Chaque année, la « marche de Jérusalem » attire des milliers de jeunes nationalistes, mais la récente édition s’est teintée de violences déplorables. En marge de la « Journée de Jérusalem », les rues de la Vieille Ville résonnaient de chants tels que « Mort aux Arabes » émanant de groupes de jeunes, rappelant que cette célébration est assombrie par des incidences de haine raciale.
Bien qu’Isabelle, une spectatrice présente, évoque « une ambiance extraordinaire », ce sentiment semble contrecarré par la présence de jeunes au comportement ultranationaliste, qui profitent de l’occasion pour commettre des violences et des provocations racistes. Les autorités israéliennes célèbrent cette marche comme une célébration de la « réunification » de la ville après le conflit de 1967, un acte que l’ONU considère comme une annexion illégale.
ministres d’extrême droite et tensions croissantes
Dès le matin, de nombreux commerces fermaient précautionneusement leurs portes et les habitants palestiniens quittaient les ruelles pour éviter des confrontations. Sur les vidéos partageant la scène, on voit des jeunes se livrer à des actes de violence, jetant des chaises vers des commerçants, tout en chantant des propos injurieux. Le porte-parole de la police israélienne insiste sur le fait que ces incidents restent rares grâce à la présence de 3 000 agents mobilisés sur le terrain, mais cette assertion semble peu convaincre les témoins traumatisés.

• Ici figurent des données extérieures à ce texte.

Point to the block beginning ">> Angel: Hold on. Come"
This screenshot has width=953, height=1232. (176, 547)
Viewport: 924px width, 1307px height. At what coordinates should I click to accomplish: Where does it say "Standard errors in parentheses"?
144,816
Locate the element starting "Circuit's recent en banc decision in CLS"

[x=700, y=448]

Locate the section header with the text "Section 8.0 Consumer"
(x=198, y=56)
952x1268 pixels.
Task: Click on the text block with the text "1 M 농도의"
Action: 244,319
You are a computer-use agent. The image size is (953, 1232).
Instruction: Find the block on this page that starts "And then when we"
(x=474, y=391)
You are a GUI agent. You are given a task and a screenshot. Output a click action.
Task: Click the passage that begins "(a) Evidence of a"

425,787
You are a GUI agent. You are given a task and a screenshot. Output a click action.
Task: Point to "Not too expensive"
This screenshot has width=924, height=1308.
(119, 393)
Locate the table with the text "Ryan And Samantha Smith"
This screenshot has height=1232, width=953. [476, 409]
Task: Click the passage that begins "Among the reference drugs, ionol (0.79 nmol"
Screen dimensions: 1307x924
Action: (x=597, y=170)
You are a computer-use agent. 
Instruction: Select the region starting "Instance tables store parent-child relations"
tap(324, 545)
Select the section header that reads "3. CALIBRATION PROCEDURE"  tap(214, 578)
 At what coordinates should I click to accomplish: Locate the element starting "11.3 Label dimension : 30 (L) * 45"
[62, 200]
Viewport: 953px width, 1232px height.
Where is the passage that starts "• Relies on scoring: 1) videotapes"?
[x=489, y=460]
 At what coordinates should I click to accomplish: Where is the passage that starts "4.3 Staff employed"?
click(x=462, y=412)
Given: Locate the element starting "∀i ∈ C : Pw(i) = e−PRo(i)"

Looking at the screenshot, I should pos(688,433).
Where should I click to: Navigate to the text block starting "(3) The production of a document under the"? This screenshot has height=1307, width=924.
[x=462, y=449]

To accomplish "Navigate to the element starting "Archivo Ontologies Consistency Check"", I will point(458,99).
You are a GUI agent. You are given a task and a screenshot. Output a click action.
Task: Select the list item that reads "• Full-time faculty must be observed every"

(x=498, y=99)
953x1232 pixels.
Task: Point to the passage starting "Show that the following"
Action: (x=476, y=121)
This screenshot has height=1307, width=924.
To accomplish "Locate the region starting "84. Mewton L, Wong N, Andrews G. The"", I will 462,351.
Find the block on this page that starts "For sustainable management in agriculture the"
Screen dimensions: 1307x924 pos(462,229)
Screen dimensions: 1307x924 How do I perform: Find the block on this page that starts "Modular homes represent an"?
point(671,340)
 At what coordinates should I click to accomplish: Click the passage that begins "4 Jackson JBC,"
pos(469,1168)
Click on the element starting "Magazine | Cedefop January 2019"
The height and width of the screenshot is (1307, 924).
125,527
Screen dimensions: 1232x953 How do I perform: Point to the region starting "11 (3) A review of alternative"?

Les chants tels que « Israël pour toujours » et d'autres proclamations sur la violence envers les Palestiniens s'élèvent au-dessus de la foule. Mustafa, un habitant palestinien, raconte avec des larmes dans les yeux comment son domicile a été vandalisé par des jeunes ultranationalistes criant « Mort aux Arabes », renforçant un sentiment d'insécurité grandissant parmi la communauté palestinienne.
la voix de la paix parmi le tumulte
Pendant ce déferlement de haine, un groupe de pacifistes israéliens, habillés de blanc, offrait des fleurs aux passants en guise de symboles de solidarité. Parmi eux, Ilan Perez déclarait vouloir des droits égaux pour tous les habitants, une perspective que beaucoup jugent utopique dans un climat aussi tendu.
Les jeunes colons radicaux présents, souvent ayant des liens avec des mouvements prosélytes, continuent à exprimer des opinions extrêmes. L'un d'eux, préférant rester anonyme, a déclaré : « Ils n’ont aucune place ici », manifestant une conviction alarmante qui contribue à l'escalade des tensions.
La dualité de cette marche met en lumière un fossé croissant entre les aspirations pacifistes et un nationalisme de plus en plus agressif, un dilemme que le gouvernement israélien devra bientôt affronter selon plusieurs spécialistes.